"""

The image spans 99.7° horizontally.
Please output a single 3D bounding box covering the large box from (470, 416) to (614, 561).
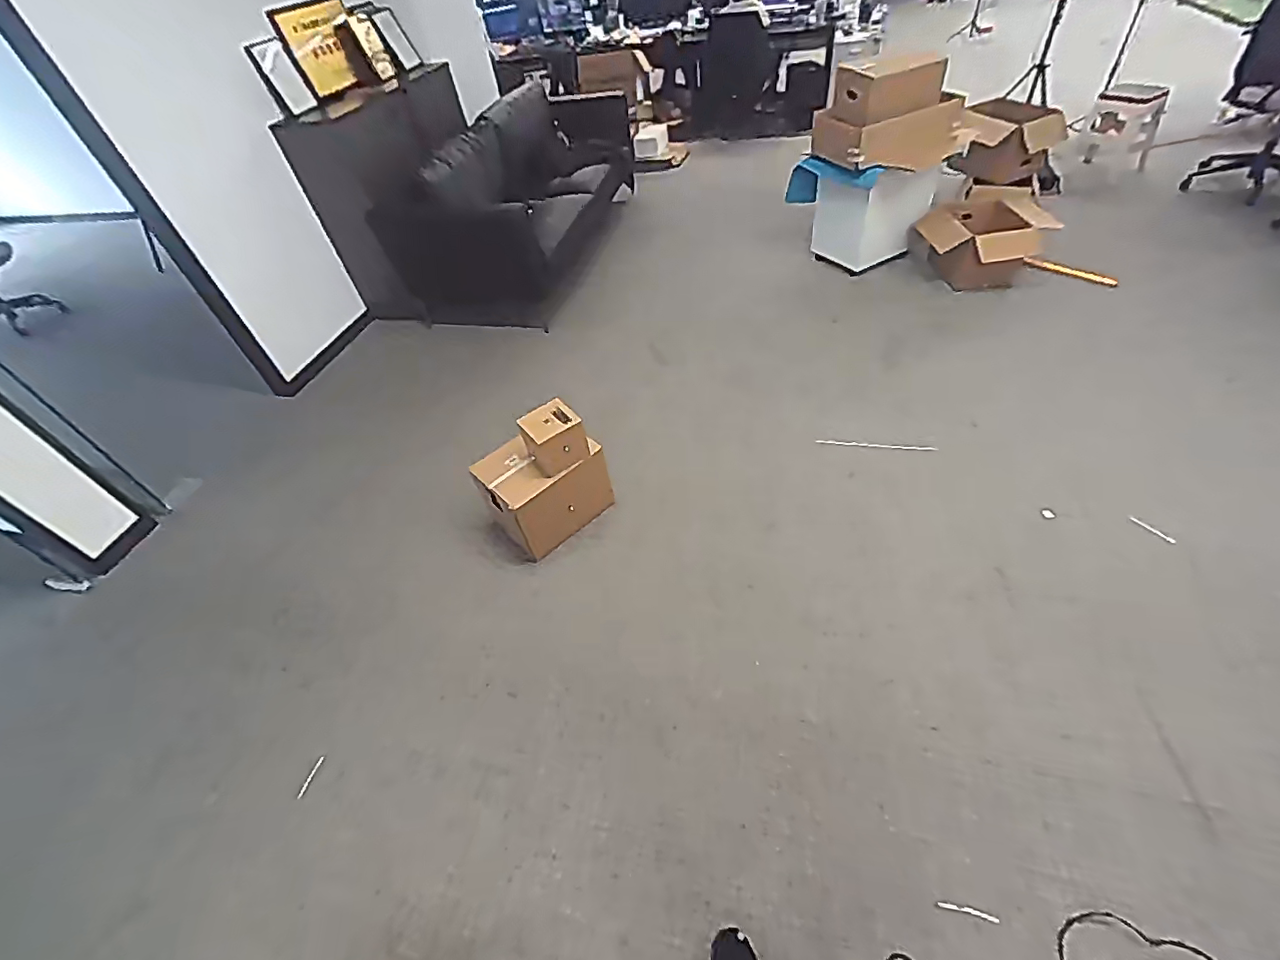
[{"bbox_3d":[-0.361,0.027,2.083,0.408,0.320,0.320,-39,52,-24],"label":"large box"}]

"""

Task objective: Beginning with the line containing "Please output a" and ending with the last line of the data, output those lines exactly and nothing more. Omit every picture.

Written answer:
Please output a single 3D bounding box covering the large box from (470, 416) to (614, 561).
[{"bbox_3d":[-0.361,0.027,2.083,0.408,0.320,0.320,-39,52,-24],"label":"large box"}]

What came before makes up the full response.